Data excerpts Start Marker

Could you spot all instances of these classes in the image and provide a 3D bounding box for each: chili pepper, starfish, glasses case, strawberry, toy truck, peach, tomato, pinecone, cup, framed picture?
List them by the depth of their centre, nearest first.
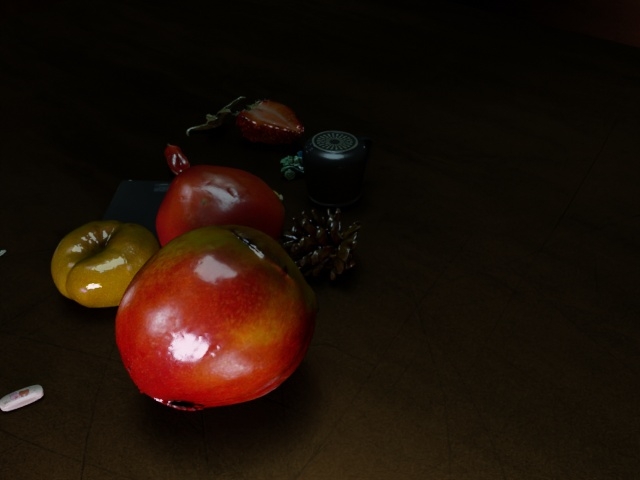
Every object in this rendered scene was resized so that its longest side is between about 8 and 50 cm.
[{"bbox_3d":[-0.196,0.154,1.489,0.370,0.369,0.370,-1,35,1],"label":"peach"},{"bbox_3d":[-0.583,0.307,1.538,0.083,0.021,0.032,-20,40,-24],"label":"glasses case"},{"bbox_3d":[-0.487,0.051,1.794,0.251,0.153,0.251,-1,27,1],"label":"peach"},{"bbox_3d":[-0.233,-0.046,1.809,0.299,0.226,0.298,-1,71,4],"label":"tomato"},{"bbox_3d":[0.002,0.003,1.839,0.195,0.149,0.179,-2,30,16],"label":"pinecone"},{"bbox_3d":[-0.441,-0.065,2.071,0.256,0.014,0.338,1,36,3],"label":"framed picture"},{"bbox_3d":[0.057,-0.195,2.095,0.223,0.176,0.169,-26,40,-35],"label":"cup"},{"bbox_3d":[-0.036,-0.224,2.224,0.154,0.078,0.080,-4,34,-3],"label":"toy truck"},{"bbox_3d":[-0.415,-0.232,2.274,0.059,0.050,0.191,-3,39,-31],"label":"chili pepper"},{"bbox_3d":[-0.137,-0.348,2.392,0.228,0.097,0.174,16,40,18],"label":"strawberry"},{"bbox_3d":[-0.320,-0.384,2.452,0.217,0.050,0.223,-42,22,-9],"label":"starfish"}]

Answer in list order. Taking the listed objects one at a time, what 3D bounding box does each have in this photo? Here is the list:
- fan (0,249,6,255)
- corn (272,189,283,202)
[{"bbox_3d":[-0.852,0.109,1.842,0.191,0.009,0.329,15,39,22],"label":"fan"},{"bbox_3d":[-0.194,-0.064,2.005,0.238,0.080,0.080,-27,42,-28],"label":"corn"}]

Data excerpts End Marker

Problem requirements: Beginning with the line above that contains "List them by" and finishing with the line that contains "- fan (0,249,6,255)", print those lines exactly and only. Skip all pictures.

Problem solution:
List them by the depth of their centre, nearest first.
Every object in this rendered scene was resized so that its longest side is between about 8 and 50 cm.
[{"bbox_3d":[-0.196,0.154,1.489,0.370,0.369,0.370,-1,35,1],"label":"peach"},{"bbox_3d":[-0.583,0.307,1.538,0.083,0.021,0.032,-20,40,-24],"label":"glasses case"},{"bbox_3d":[-0.487,0.051,1.794,0.251,0.153,0.251,-1,27,1],"label":"peach"},{"bbox_3d":[-0.233,-0.046,1.809,0.299,0.226,0.298,-1,71,4],"label":"tomato"},{"bbox_3d":[0.002,0.003,1.839,0.195,0.149,0.179,-2,30,16],"label":"pinecone"},{"bbox_3d":[-0.441,-0.065,2.071,0.256,0.014,0.338,1,36,3],"label":"framed picture"},{"bbox_3d":[0.057,-0.195,2.095,0.223,0.176,0.169,-26,40,-35],"label":"cup"},{"bbox_3d":[-0.036,-0.224,2.224,0.154,0.078,0.080,-4,34,-3],"label":"toy truck"},{"bbox_3d":[-0.415,-0.232,2.274,0.059,0.050,0.191,-3,39,-31],"label":"chili pepper"},{"bbox_3d":[-0.137,-0.348,2.392,0.228,0.097,0.174,16,40,18],"label":"strawberry"},{"bbox_3d":[-0.320,-0.384,2.452,0.217,0.050,0.223,-42,22,-9],"label":"starfish"}]

Answer in list order. Taking the listed objects one at a time, what 3D bounding box does each have in this photo? Here is the list:
- fan (0,249,6,255)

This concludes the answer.